This document describes how logging is configured in the application. The logging functionality is defined in the src.logging package and leverages Python's built-in logging framework.
Our logging approach uses a context manager to start up and tear down logging. This is mostly done to prevent tests from setting up multiple loggers each time we instantiate the logger.
If you wanted to write a simple script that could log, something like this would work
import logging
import src.logging
logger = logging.getLogger(__name__)
def main():
with src.logging.init(__package__):
logger.info("Hello")
Initializing logging is only necessary once when running an application. Logging is already initialized automatically for the entire API, so any new endpoints or features built into the API don't require the above configuration.
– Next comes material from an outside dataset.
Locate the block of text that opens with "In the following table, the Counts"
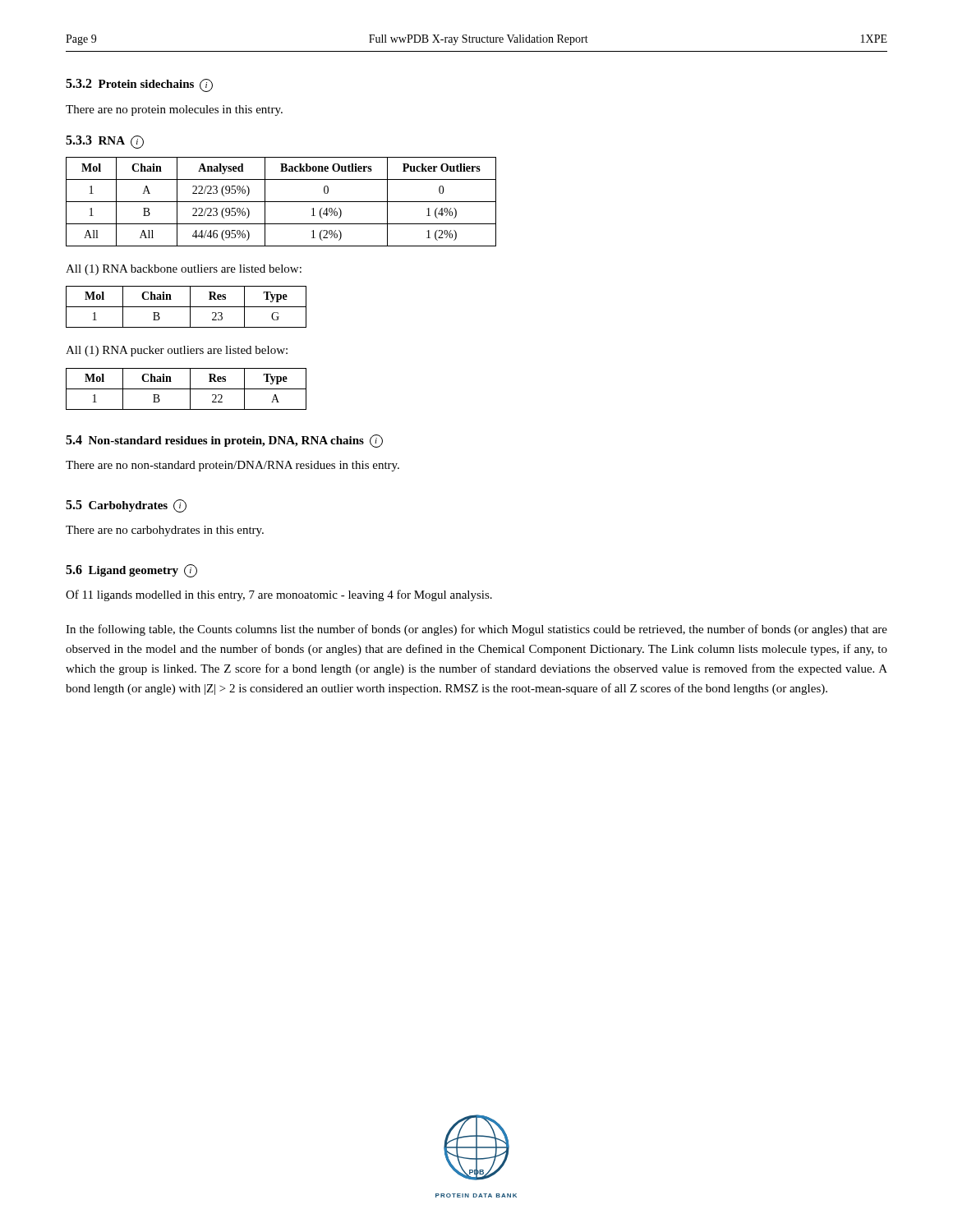Image resolution: width=953 pixels, height=1232 pixels. pos(476,659)

If you just want to be able to writes logs, you usually only need to do:
import logging
logger = logging.getLogger(__name__)
def my_function():
logger.info("hello")
We have two separate ways of formatting the logs which are controlled by the LOG_FORMAT
environment variable.
json
(default) -> Produces JSON formatted logs which are machine-readable.
{
"name": "src.api.healthcheck",
"levelname": "INFO",
"funcName": "healthcheck_get",
"created": "1663261542.0465896",
"thread": "275144058624",
"threadName": "Thread-2 (process_request_thread)",
"process": "16",
"message": "GET /v1/healthcheck",
"request.method": "GET",
"request.path": "/v1/healthcheck",
"request.url_rule": "/v1/healthcheck",
"request_id": ""
}
human-readable
(set by default in local.env
) -> Produces color coded logs for local development or for troubleshooting.
The src.logging.flask_logger module adds logging functionality to Flask applications. It automatically adds useful data from the Flask request object to logs, logs the start and end of requests, and provides a mechanism for developers to dynamically add extra data to all subsequent logs for the current request.
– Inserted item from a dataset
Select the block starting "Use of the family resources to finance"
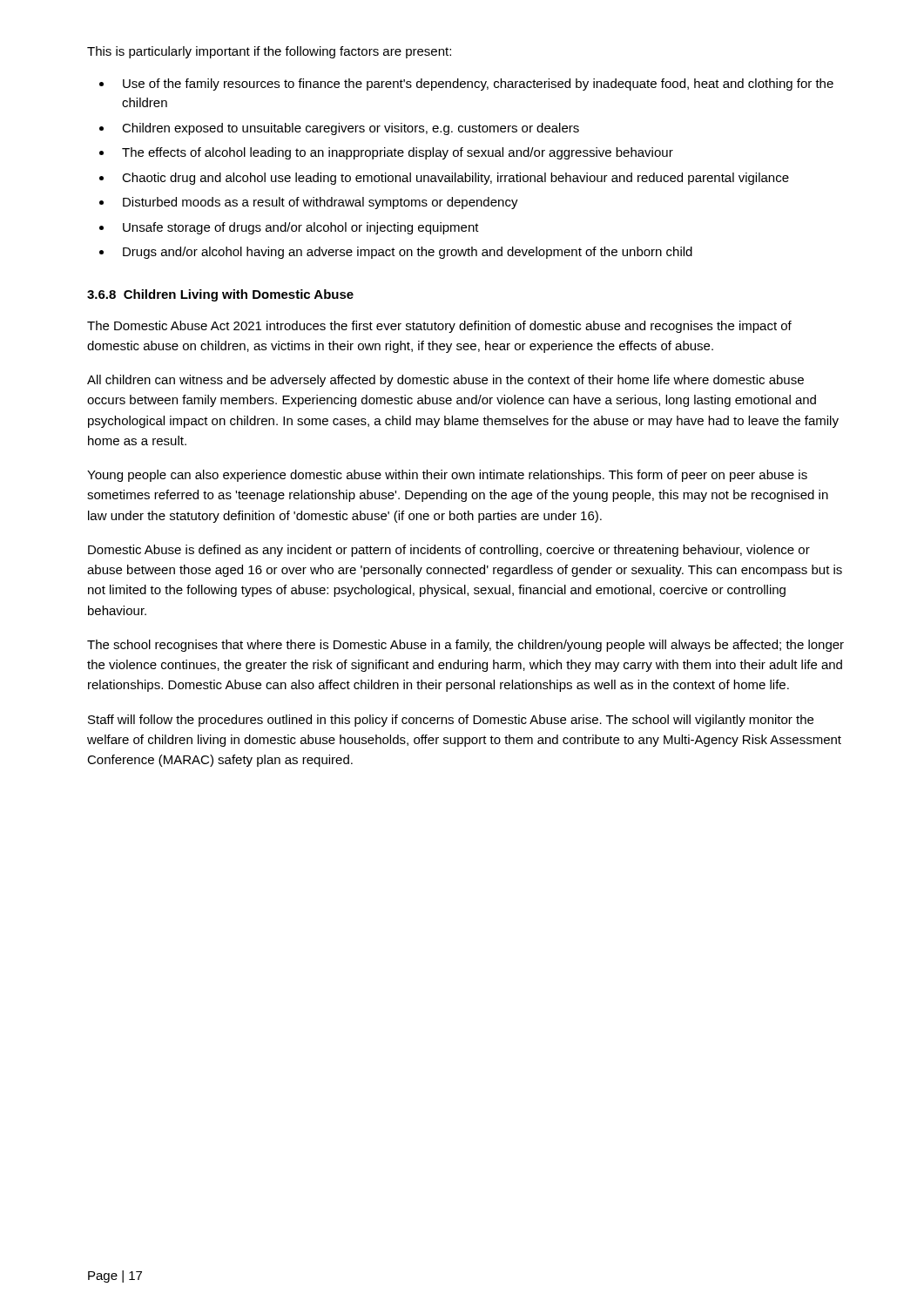click(478, 93)

For example, if you would like to add the opportunity_id
to every log message during the lifecycle of a request, then you can do:
import logging
from src.logging.flask_logger import add_extra_data_to_current_request_logs
logger = logging.getLogger(__name__)
# Assume API decorators here
def opportunity_get(opportunity_id: int):
add_extra_data_to_current_request_logs({"request.path.opportunity_id": opportunity_id})
logger.info("Example log 1")
# ... some code
logger.info("Example log 2")
This would produce two log messages, which would both have request.path.opportunity_id=<the opportunity_id>
in the extra
information of the log message. This function can be called multiple times, adding more information each time.
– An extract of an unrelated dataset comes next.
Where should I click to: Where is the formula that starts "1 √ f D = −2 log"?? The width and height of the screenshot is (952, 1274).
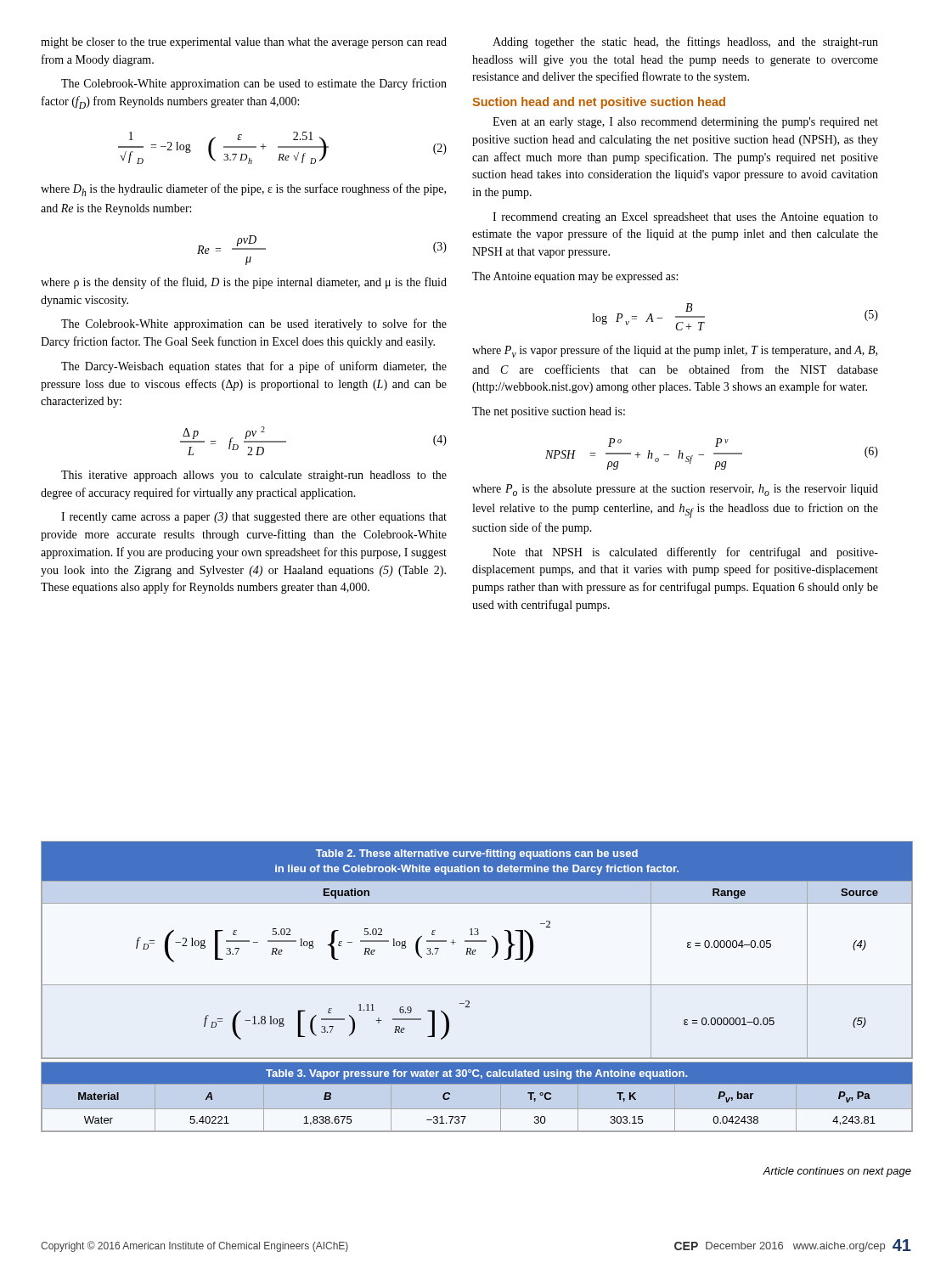[x=277, y=149]

NOTE: Be careful where you place the call to this method as it requires you to be in a Flask request context (ie. reached via calling Flask)
If you want to test a piece of code that calls add_extra_data_to_current_request_logs
without going via Flask, you'll either need to restructure
the code, or
Several fields are automatically attached to every log message of a request regardless of what you configure in the flask_logger. This includes:
- Request ID
- Request method (eg.
POST
orPATCH
) - Request path
- Request URL rule
- Cognito ID from the
Cognito-Id
header
Additionally when a request ends, the following will always be logged:
- Status code
- Content length
- Content type
- Mimetype
- Request duration in milliseconds
The src.logging.pii module defines a filter that applies to all logs that automatically masks data fields that look like social security numbers.
We have configured audit logging which logs various events related to the process making network, file system and subprocess calls. This is largely done in the event we need to debug an issue or to detect if a library we are relying on is potentially doing something malicious (eg. a string parsing library shouldn't be making network requests).
For more information, please review the audit events Python docs, as well as PEP-578 which details the implementation details and thought process behind this feature in Python.
Audit logging can be turned on/off by the LOG_ENABLE_AUDIT
environment variable
which is defaulted off for local development as audit logs are very verbose
We don't log 100% of audit events as they are very verbose. The first 10 events of a particular type will all log, but after than only every 10th will log, and once it has reached 100 occurrences, only every 100th. This count will only consider the 128 most recently logged scenarios where a scenario is based on the call + arguments (ie. calls to the request library for different URLs are treated separately)
The audit logging unit tests that we have written are run separately from the rest of the tests as enabling audit logging causes several hundred log messages to appear when run with everything else, and makes it very difficult to debug and fix your tests.